Legal Alerts

Illinois Federal Judge Delivers Another Win For BIPA Defendants

Chicago, Ill. (August 8, 2024) - Key Points: In G.T., et al. v. Samsung Electronics America, Inc., et al., No. 21-CV-4976, 2024 WL 3520026 (N.D. Ill. July 24, 2024), an Illinois federal judge dismissed claims brought under the Illinois Biometric Information Privacy Act (“BIPA”). The decision is significant because it narrows the scope of conduct and data that can expose a business to liability under the statute. The decision is particularly important for companies engaged in technology design, sales, or licensing, especially those that do not handle or store any ‘biometric’ data generated by customer use.

Background:

Illinois residents using Samsung smartphones and tablets filed claims against Samsung Electronics America, Inc. and Samsung Electronics Co., Ltd. The lawsuit alleges that Samsung’s pre-installed facial recognition technology in the Gallery photo application (the "Application") violates BIPA. Specifically, the Application scans images for faces using proprietary facial recognition technology, creating face templates and organizing photos based on similar faces. The plaintiffs argue that this process collects biometrics, in violation of the statute.

The District Court’s Decision:

A. Whether Samsung Possessed and Collected Biometric Data

Regarding Samsung’s first argument, the parties disagreed as to “whether a private entity is in possession of biometrics when it creates and controls technology that purportedly generates biometrics, even if the entity does not receive or access the data.” To address this disagreement, the Court first began by analyzing what it means to “possess” biometric data under §15(a) of BIPA and to “collect, capture, or otherwise obtain” biometric data under §15(b).
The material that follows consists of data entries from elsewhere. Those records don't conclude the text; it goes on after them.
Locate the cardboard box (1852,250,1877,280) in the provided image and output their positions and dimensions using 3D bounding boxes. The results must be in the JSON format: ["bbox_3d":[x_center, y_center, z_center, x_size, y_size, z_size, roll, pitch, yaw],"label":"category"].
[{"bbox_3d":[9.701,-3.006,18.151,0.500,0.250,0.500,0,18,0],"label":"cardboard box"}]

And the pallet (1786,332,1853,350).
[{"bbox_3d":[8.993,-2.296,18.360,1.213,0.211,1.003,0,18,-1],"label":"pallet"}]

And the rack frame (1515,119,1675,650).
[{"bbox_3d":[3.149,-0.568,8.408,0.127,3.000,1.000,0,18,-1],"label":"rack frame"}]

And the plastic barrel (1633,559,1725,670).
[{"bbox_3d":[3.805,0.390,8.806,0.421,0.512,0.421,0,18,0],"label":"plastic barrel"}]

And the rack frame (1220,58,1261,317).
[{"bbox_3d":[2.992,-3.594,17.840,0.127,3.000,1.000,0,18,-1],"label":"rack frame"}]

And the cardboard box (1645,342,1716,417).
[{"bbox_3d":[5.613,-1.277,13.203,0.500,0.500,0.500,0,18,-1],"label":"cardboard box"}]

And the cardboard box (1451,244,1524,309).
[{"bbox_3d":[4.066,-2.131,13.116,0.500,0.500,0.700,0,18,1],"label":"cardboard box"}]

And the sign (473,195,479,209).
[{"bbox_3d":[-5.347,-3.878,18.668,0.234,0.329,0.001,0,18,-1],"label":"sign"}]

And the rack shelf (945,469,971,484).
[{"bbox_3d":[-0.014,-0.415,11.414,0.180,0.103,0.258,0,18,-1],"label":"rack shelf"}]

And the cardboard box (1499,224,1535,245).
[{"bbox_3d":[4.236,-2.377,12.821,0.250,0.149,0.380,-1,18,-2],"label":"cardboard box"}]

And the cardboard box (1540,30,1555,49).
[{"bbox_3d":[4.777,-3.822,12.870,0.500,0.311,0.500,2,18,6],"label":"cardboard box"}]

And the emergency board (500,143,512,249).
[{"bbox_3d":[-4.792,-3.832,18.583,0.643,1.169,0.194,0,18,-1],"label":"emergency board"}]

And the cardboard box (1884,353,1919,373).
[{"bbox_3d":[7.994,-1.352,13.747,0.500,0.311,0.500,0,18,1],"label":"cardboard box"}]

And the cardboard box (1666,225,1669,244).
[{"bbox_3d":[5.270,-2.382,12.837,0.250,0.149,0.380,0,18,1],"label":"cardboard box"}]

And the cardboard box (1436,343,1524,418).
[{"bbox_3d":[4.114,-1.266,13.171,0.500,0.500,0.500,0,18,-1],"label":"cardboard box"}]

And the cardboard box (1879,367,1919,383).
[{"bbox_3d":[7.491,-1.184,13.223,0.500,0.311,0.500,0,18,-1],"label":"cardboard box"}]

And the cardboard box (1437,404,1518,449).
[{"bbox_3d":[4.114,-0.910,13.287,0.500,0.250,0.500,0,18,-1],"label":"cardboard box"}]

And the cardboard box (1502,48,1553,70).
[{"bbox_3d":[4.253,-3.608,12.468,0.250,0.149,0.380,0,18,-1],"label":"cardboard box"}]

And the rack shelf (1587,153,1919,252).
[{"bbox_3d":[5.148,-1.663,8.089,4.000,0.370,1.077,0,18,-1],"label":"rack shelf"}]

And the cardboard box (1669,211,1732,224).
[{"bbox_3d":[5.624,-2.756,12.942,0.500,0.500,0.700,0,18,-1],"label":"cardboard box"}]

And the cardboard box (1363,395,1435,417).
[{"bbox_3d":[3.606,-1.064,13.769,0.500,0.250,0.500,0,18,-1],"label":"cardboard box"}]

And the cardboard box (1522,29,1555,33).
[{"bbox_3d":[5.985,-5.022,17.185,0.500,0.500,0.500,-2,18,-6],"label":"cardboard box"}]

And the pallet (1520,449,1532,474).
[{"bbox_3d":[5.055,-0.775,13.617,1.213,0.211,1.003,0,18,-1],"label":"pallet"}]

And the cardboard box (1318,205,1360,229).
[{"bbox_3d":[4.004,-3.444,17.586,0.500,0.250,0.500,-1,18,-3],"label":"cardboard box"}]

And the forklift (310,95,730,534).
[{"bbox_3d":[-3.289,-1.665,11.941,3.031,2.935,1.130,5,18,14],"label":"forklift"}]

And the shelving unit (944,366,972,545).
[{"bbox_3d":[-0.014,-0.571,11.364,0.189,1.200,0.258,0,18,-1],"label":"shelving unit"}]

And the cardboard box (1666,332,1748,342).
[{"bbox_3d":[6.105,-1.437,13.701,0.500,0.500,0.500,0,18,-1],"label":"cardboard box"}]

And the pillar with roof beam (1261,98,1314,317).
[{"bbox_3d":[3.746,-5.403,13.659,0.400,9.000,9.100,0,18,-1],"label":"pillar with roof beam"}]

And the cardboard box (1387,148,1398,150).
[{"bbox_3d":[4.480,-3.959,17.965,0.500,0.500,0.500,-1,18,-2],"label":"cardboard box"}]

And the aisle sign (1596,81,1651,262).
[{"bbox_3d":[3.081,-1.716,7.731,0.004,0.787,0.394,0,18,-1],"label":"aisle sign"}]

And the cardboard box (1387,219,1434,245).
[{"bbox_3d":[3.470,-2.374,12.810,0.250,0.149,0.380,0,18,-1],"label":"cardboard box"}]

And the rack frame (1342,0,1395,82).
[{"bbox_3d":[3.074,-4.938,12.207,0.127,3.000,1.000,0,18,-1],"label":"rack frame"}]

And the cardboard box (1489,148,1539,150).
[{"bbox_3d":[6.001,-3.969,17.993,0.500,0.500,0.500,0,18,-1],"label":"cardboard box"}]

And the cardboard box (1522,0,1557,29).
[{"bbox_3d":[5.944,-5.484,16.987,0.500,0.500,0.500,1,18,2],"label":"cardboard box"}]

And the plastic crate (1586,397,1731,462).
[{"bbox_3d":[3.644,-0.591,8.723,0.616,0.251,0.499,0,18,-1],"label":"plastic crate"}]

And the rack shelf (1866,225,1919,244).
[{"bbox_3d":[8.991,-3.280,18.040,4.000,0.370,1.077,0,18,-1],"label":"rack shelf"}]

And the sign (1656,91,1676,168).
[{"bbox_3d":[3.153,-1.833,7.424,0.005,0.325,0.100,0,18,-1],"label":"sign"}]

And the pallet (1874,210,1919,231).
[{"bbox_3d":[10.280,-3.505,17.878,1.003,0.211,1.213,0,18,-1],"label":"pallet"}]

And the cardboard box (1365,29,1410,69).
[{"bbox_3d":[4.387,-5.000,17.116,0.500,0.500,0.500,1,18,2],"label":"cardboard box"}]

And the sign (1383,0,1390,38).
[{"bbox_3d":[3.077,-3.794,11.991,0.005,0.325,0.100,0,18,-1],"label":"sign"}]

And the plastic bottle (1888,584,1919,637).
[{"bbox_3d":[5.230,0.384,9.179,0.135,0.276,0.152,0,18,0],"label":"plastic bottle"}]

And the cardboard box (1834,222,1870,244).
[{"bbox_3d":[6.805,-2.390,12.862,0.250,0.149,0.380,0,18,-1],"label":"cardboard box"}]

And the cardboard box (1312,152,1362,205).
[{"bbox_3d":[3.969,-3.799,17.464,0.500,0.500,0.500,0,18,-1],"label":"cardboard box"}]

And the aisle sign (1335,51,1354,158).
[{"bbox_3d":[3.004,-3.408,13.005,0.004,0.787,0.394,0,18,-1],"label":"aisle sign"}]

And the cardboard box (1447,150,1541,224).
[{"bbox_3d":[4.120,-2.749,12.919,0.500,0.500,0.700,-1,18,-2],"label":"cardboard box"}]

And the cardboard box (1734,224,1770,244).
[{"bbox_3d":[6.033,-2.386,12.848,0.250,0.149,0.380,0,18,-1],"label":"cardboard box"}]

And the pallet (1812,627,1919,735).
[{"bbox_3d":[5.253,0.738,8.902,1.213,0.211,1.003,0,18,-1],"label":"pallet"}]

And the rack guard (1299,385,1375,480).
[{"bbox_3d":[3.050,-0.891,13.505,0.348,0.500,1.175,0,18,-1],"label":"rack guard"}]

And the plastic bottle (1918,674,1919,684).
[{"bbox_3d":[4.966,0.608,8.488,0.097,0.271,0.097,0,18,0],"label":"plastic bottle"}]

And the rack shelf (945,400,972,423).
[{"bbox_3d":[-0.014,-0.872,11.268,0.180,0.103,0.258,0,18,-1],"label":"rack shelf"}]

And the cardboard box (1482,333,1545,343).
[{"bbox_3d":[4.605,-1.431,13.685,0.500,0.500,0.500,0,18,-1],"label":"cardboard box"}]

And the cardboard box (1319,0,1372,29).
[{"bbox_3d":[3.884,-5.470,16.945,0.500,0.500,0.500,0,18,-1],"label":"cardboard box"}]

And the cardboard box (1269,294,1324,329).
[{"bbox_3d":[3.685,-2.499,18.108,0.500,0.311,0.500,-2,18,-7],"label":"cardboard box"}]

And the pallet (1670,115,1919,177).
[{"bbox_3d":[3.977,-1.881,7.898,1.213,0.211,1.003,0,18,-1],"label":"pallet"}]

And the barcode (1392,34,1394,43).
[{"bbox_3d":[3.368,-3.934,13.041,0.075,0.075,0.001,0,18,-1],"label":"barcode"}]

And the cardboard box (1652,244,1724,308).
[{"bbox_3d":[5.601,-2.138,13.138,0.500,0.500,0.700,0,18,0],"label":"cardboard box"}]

In the context of BIPA, the court found that “possession” occurs when someone exercises “any form of control of the [biometric] data or held the data at his disposal.”  To “collect, capture, or otherwise obtain” biometric data under BIPA, the court explained that this requires someone/something “to gain control” of biometrics and to take an “active step” towards receiving the biometrics.

As for possession, the plaintiffs contend that Samsung is in possession because “Samsung has complete and total control over the biometric data surreptitiously captured using proprietary software that Samsung owned and alone controlled, preventing users from turning it off or disabling it.”  The Court disagreed, concluding that the plaintiffs have not adequately alleged that Samsung was “in possession” of their biometrics and that, although Samsung controls the Application and its technology, Samsung did not have “dominion over the Biometrics generated from the App[lication], and plaintiffs have not alleged Samsung receives (or can receive) such data.”  Ultimately, the Court concluded that the “salient inquiry for determining possession under Section 15(a) is “whether the entity exercised control over the Biometrics, not whether it exercised control over the technology generating the Biometrics.”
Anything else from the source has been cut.